#### [Problem requirements]
With both ends included, repeat exactly the lines of the entries below from the one containing "47. cardboard box [1737,9,1752,49]" down to the one containing "notebook,-0.166,0.006,0.661,0.141,0.014,0.197,-16,39,-7", and no others.

#### [Material supplied]
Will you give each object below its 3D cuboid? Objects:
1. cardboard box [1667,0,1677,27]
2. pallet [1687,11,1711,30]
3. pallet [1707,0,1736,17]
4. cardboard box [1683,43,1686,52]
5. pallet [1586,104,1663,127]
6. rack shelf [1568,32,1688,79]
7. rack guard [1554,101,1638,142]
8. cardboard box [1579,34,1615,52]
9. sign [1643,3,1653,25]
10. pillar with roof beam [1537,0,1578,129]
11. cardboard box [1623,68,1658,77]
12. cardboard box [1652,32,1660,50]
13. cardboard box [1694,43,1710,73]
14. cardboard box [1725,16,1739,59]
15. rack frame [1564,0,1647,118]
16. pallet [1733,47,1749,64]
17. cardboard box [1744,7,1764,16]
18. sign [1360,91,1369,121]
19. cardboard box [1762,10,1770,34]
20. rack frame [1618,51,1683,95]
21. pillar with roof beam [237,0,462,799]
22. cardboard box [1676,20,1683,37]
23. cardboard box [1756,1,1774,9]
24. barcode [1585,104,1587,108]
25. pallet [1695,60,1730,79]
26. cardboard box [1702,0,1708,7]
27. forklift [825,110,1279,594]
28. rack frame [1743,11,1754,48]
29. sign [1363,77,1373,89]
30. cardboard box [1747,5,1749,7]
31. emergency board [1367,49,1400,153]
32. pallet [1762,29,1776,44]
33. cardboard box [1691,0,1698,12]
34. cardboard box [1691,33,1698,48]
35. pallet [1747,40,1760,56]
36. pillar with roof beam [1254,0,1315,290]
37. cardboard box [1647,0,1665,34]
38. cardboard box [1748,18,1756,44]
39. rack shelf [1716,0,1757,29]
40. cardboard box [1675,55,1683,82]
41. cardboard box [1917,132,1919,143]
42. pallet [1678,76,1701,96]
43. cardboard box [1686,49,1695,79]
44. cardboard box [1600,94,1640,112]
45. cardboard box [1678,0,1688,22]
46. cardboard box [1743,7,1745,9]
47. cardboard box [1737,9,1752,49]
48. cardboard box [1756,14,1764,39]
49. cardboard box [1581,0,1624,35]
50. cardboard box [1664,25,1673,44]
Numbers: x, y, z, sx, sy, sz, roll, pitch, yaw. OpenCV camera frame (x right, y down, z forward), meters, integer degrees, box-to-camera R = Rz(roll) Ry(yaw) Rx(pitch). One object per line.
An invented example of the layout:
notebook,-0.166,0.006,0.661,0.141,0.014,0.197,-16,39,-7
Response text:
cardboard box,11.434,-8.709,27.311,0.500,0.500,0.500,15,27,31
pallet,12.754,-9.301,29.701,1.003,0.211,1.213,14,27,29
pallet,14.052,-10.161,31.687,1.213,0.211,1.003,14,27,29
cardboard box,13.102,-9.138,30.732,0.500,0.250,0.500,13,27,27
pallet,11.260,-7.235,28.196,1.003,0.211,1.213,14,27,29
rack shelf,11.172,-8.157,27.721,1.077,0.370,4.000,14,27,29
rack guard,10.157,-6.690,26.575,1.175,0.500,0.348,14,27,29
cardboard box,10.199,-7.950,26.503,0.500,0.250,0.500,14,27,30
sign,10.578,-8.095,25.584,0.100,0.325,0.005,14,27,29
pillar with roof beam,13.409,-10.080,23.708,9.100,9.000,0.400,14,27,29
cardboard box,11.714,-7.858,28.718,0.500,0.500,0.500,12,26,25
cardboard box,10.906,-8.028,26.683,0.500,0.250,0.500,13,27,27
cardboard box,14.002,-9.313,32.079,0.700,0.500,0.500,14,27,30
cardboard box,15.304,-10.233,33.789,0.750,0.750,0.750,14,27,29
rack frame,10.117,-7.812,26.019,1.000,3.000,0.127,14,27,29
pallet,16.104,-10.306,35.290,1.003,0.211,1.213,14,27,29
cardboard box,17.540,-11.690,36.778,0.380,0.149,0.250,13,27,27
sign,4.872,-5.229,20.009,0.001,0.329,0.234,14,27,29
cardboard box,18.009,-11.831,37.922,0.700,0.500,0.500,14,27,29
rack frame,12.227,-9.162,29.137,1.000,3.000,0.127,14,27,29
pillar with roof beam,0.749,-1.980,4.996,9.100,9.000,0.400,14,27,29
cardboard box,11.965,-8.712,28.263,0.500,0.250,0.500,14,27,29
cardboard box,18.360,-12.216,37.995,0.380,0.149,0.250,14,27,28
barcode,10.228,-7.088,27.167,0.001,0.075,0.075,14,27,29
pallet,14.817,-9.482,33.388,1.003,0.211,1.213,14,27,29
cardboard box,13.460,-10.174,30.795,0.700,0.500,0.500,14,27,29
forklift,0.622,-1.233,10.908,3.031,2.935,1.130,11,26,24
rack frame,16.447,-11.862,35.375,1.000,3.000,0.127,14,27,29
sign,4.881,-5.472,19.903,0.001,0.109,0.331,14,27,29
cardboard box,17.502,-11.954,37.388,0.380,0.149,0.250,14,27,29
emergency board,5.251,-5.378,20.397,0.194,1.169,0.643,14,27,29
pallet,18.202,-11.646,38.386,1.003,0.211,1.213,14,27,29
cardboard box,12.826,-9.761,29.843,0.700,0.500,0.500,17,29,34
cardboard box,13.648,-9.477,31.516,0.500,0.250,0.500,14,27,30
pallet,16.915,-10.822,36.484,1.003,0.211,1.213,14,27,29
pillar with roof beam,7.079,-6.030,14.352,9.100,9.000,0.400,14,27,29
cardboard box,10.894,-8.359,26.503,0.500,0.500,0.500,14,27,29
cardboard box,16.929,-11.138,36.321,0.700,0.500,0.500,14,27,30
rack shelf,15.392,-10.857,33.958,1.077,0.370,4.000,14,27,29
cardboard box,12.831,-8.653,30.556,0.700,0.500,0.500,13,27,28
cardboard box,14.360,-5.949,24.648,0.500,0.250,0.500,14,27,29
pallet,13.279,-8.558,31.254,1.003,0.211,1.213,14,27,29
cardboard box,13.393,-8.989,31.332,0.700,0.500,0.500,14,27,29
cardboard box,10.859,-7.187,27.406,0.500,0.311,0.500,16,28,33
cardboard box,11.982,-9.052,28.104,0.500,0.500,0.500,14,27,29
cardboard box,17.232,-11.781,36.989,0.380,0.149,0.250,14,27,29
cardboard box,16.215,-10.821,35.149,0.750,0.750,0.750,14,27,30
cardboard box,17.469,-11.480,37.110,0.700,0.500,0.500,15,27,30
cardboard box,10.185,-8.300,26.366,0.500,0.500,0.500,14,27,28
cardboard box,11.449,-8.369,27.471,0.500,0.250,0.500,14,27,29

#### [Output]
47. cardboard box [1737,9,1752,49]
48. cardboard box [1756,14,1764,39]
49. cardboard box [1581,0,1624,35]
50. cardboard box [1664,25,1673,44]
Numbers: x, y, z, sx, sy, sz, roll, pitch, yaw. OpenCV camera frame (x right, y down, z forward), meters, integer degrees, box-to-camera R = Rz(roll) Ry(yaw) Rx(pitch). One object per line.
An invented example of the layout:
notebook,-0.166,0.006,0.661,0.141,0.014,0.197,-16,39,-7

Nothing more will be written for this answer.